(Stored records)
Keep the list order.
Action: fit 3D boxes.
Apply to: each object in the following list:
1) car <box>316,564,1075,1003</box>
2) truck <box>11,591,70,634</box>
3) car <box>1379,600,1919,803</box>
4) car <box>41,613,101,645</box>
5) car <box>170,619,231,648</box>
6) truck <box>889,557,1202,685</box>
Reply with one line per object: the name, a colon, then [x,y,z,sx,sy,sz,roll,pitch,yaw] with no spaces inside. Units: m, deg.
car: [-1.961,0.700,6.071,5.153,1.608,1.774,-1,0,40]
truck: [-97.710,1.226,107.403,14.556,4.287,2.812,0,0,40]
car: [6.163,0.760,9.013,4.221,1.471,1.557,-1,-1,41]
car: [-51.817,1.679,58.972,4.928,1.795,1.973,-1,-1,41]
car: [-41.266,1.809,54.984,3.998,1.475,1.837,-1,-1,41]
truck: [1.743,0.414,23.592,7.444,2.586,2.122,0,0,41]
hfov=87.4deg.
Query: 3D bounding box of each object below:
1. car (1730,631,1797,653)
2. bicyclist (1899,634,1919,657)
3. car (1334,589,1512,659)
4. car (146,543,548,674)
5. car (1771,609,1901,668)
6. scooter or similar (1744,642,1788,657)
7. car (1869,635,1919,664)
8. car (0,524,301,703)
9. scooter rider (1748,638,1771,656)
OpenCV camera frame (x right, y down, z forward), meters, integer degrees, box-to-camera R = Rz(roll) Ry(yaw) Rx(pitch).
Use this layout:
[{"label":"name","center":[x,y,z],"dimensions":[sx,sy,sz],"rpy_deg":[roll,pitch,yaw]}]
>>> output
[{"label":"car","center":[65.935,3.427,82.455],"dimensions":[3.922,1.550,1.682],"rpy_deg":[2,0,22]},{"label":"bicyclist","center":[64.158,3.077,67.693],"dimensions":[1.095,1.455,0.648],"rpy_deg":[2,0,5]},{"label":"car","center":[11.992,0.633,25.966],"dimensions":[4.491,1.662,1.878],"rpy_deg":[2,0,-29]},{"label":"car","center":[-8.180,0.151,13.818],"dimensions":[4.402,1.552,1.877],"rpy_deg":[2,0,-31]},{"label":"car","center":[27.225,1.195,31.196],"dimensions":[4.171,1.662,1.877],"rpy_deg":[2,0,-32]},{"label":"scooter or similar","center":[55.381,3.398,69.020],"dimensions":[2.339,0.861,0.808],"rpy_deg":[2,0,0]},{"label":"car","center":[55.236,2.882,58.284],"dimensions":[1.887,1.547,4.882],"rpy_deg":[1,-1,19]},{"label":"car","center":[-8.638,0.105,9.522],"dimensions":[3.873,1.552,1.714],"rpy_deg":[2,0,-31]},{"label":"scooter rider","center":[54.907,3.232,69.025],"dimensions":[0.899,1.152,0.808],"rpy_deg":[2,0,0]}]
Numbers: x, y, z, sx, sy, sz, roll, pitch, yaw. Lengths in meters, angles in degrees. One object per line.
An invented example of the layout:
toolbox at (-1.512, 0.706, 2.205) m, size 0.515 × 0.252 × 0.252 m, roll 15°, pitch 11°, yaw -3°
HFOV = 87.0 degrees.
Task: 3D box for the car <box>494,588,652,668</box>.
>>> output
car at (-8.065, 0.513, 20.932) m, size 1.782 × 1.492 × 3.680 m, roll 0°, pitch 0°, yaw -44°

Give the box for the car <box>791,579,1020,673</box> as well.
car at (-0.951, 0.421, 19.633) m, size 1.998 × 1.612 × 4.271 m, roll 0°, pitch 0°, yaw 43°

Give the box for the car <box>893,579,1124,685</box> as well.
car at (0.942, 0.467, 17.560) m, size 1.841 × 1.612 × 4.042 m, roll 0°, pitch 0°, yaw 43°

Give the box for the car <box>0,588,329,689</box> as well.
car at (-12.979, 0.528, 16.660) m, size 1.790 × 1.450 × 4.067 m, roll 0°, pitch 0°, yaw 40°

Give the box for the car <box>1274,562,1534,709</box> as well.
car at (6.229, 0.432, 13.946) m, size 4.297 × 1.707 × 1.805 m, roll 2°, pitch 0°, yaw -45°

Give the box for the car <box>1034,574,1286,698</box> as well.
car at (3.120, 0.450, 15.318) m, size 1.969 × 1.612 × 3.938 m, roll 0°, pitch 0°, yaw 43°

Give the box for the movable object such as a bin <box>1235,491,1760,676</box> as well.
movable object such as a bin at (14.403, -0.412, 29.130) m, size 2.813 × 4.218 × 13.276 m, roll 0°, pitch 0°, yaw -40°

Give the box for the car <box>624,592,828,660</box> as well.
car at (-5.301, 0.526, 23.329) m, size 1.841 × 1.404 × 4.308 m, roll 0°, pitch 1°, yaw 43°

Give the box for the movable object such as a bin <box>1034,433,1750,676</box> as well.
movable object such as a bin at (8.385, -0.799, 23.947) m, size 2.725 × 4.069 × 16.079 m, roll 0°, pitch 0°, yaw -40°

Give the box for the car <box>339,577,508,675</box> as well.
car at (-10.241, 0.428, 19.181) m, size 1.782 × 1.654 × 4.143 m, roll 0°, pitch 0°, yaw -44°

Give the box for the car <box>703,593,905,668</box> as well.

• _INSTRUCTIONS TO FOLLOW_:
Provide all the records again, word for word.

• _WRITTEN ANSWER_:
Keep the list order.
Action: fit 3D boxes.
Apply to: each object in the following list:
1) car <box>316,564,1075,1003</box>
2) truck <box>11,591,70,634</box>
3) car <box>1379,600,1919,803</box>
4) car <box>41,613,101,645</box>
5) car <box>170,619,231,648</box>
6) truck <box>889,557,1202,685</box>
Reply with one line per object: the name, a colon, then [x,y,z,sx,sy,sz,roll,pitch,yaw] with no spaces inside. Units: m, deg.
car: [-1.961,0.700,6.071,5.153,1.608,1.774,-1,0,40]
truck: [-97.710,1.226,107.403,14.556,4.287,2.812,0,0,40]
car: [6.163,0.760,9.013,4.221,1.471,1.557,-1,-1,41]
car: [-51.817,1.679,58.972,4.928,1.795,1.973,-1,-1,41]
car: [-41.266,1.809,54.984,3.998,1.475,1.837,-1,-1,41]
truck: [1.743,0.414,23.592,7.444,2.586,2.122,0,0,41]
hfov=87.4deg.
Query: 3D bounding box of each object below:
1. car (1730,631,1797,653)
2. bicyclist (1899,634,1919,657)
3. car (1334,589,1512,659)
4. car (146,543,548,674)
5. car (1771,609,1901,668)
6. scooter or similar (1744,642,1788,657)
7. car (1869,635,1919,664)
8. car (0,524,301,703)
9. scooter rider (1748,638,1771,656)
OpenCV camera frame (x right, y down, z forward), meters, integer degrees, box-to-camera R = Rz(roll) Ry(yaw) Rx(pitch).
Use this layout:
[{"label":"name","center":[x,y,z],"dimensions":[sx,sy,sz],"rpy_deg":[roll,pitch,yaw]}]
>>> output
[{"label":"car","center":[65.935,3.427,82.455],"dimensions":[3.922,1.550,1.682],"rpy_deg":[2,0,22]},{"label":"bicyclist","center":[64.158,3.077,67.693],"dimensions":[1.095,1.455,0.648],"rpy_deg":[2,0,5]},{"label":"car","center":[11.992,0.633,25.966],"dimensions":[4.491,1.662,1.878],"rpy_deg":[2,0,-29]},{"label":"car","center":[-8.180,0.151,13.818],"dimensions":[4.402,1.552,1.877],"rpy_deg":[2,0,-31]},{"label":"car","center":[27.225,1.195,31.196],"dimensions":[4.171,1.662,1.877],"rpy_deg":[2,0,-32]},{"label":"scooter or similar","center":[55.381,3.398,69.020],"dimensions":[2.339,0.861,0.808],"rpy_deg":[2,0,0]},{"label":"car","center":[55.236,2.882,58.284],"dimensions":[1.887,1.547,4.882],"rpy_deg":[1,-1,19]},{"label":"car","center":[-8.638,0.105,9.522],"dimensions":[3.873,1.552,1.714],"rpy_deg":[2,0,-31]},{"label":"scooter rider","center":[54.907,3.232,69.025],"dimensions":[0.899,1.152,0.808],"rpy_deg":[2,0,0]}]
Numbers: x, y, z, sx, sy, sz, roll, pitch, yaw. Lengths in meters, angles in degrees. One object per line.
An invented example of the layout:
toolbox at (-1.512, 0.706, 2.205) m, size 0.515 × 0.252 × 0.252 m, roll 15°, pitch 11°, yaw -3°
HFOV = 87.0 degrees.
Task: 3D box for the car <box>494,588,652,668</box>.
>>> output
car at (-8.065, 0.513, 20.932) m, size 1.782 × 1.492 × 3.680 m, roll 0°, pitch 0°, yaw -44°

Give the box for the car <box>791,579,1020,673</box> as well.
car at (-0.951, 0.421, 19.633) m, size 1.998 × 1.612 × 4.271 m, roll 0°, pitch 0°, yaw 43°

Give the box for the car <box>893,579,1124,685</box> as well.
car at (0.942, 0.467, 17.560) m, size 1.841 × 1.612 × 4.042 m, roll 0°, pitch 0°, yaw 43°

Give the box for the car <box>0,588,329,689</box> as well.
car at (-12.979, 0.528, 16.660) m, size 1.790 × 1.450 × 4.067 m, roll 0°, pitch 0°, yaw 40°

Give the box for the car <box>1274,562,1534,709</box> as well.
car at (6.229, 0.432, 13.946) m, size 4.297 × 1.707 × 1.805 m, roll 2°, pitch 0°, yaw -45°

Give the box for the car <box>1034,574,1286,698</box> as well.
car at (3.120, 0.450, 15.318) m, size 1.969 × 1.612 × 3.938 m, roll 0°, pitch 0°, yaw 43°

Give the box for the movable object such as a bin <box>1235,491,1760,676</box> as well.
movable object such as a bin at (14.403, -0.412, 29.130) m, size 2.813 × 4.218 × 13.276 m, roll 0°, pitch 0°, yaw -40°

Give the box for the car <box>624,592,828,660</box> as well.
car at (-5.301, 0.526, 23.329) m, size 1.841 × 1.404 × 4.308 m, roll 0°, pitch 1°, yaw 43°

Give the box for the movable object such as a bin <box>1034,433,1750,676</box> as well.
movable object such as a bin at (8.385, -0.799, 23.947) m, size 2.725 × 4.069 × 16.079 m, roll 0°, pitch 0°, yaw -40°

Give the box for the car <box>339,577,508,675</box> as well.
car at (-10.241, 0.428, 19.181) m, size 1.782 × 1.654 × 4.143 m, roll 0°, pitch 0°, yaw -44°

Give the box for the car <box>703,593,905,668</box> as well.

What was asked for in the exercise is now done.